We may not like what Taco Bell does to Mexican food just as much as we may not like what Batman & Robin did with the Batman universe. Both cheapen the original concept, stereotype it, and make you feel bad for even giving it a shot, each in their own respective ways, and yet, it’s almost an enjoyable experience despite it all. You might be nauseated afterward, but it’s a good sort of nausea that gives you perspective on life. That’s not a taco you’re eating — that’s FritoLay and Yum! Brands getting together and telling you, “You eat Doritos and you eat tacos, so why not eat them together? It’s so crazy good, we’ll even call it a Doritos Locos Taco!”
But the funny thing about it is that I don’t think that the Doritos Locos Taco is going to make people want more Doritos nor more of Taco Bell’s filler-laden tacos. I think instead that it’ll make people dabble a bit before realizing what they’re really doing. “Hey, remember the Doritos Locos Taco?” they’ll say. “Man that was nuts! Let’s go to that taquería down the road and get some real Mexican food, instead!”
You see, Batman & Robin is the Doritos Locos Taco of the Batman franchise — it is an experiment that is fun to try out and make fun of, but it was also the film that made us realize what we truly wanted. (Funny enough, its creation even led to the theoretical results that Warner Bros. was searching for, only eight years down the line.) But like the bowels that suffered though our experimental eating habits, it took a sacrificial lamb to get to the results that we wanted and possibly even needed. With Batman & Robin, Schumacher essentially played the role of that lamb, laying his career on the line, taking the marketing synergy, and running it into the ground until it achieved its inevitable conclusion, all so that both the audience and the studio could gain some perspective on not just Batman, but superhero films in general.
With all the sarcastic winks and nods that Schumacher threw into this disaster, I’ve come to respect Batman & Robin, not as a serious examination of what it means to be a masked vigilante, nor even a campy satire of its often ridiculous source material, like the Adam West series. Instead, I’ve come to see it as a sort of secret ironic critique of the inherent marketing opportunities that are present in all superhero films and how, despite all the wonderful toys we get from them, ultimately, what we are left with is the sorry feeling that we’ve been somehow duped by the hollow marketing of an inferior product. Perhaps it’s a message that was even present in Batman Forever, which may have been a failed effort to achieve the same sort of out-and-out madness that its successor does.

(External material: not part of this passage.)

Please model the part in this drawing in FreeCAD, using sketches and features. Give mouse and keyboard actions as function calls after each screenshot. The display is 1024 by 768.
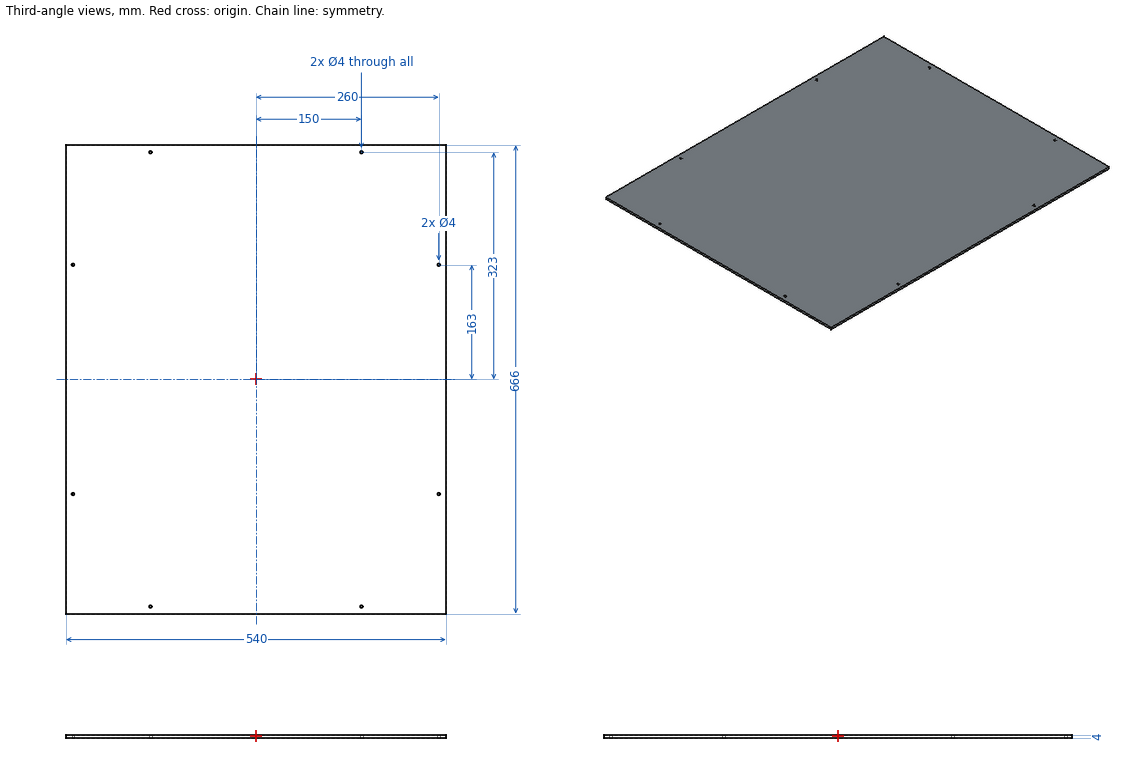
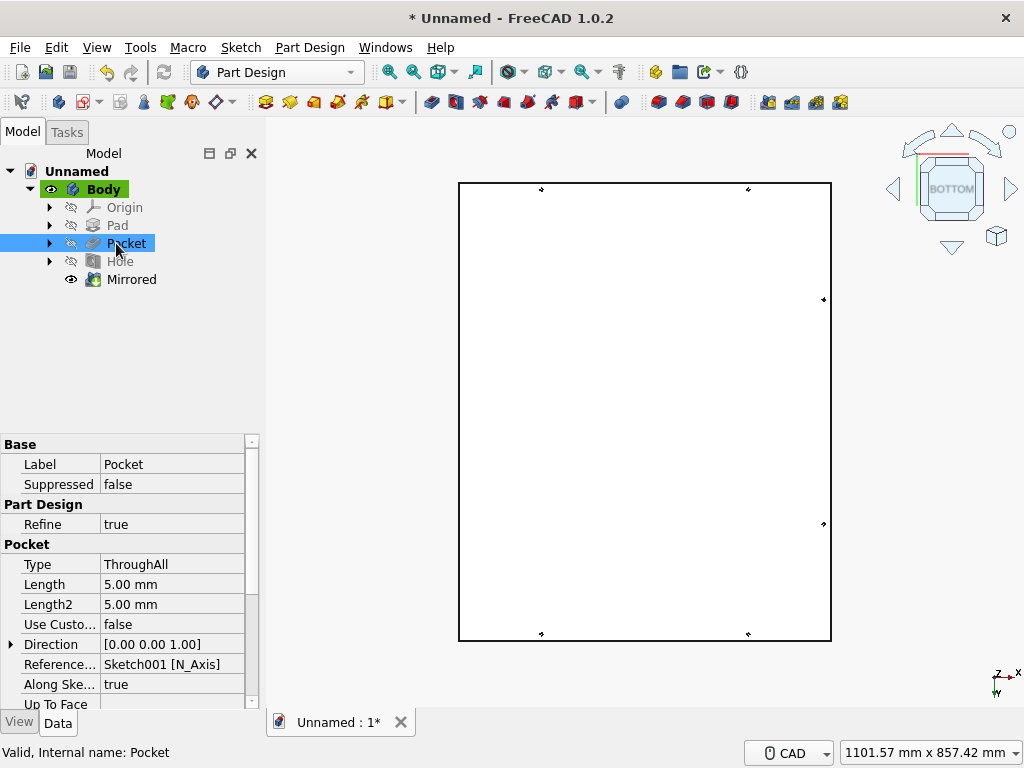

Batman & Robin achieves a level of stupidity that is almost so painfully awful that Schumacher must have been doing it on purpose, as I do not believe that a man of even his own meager directing skill could ever look upon this mess and deem it worthy of being released without having some sort of reason for it. And, honestly, it’s either that, or Schumacher’s a dastardly bastard who doesn’t really care what happens to Batman. In the name of being a fair and forgiving person, I’m choose to give him the benefit of the doubt.
The Viewer’s Commentary Rating: 1.5 / 5 (Which, in the spirit of this deranged review, is actually 0.5 more than what I gave Batman Forever.)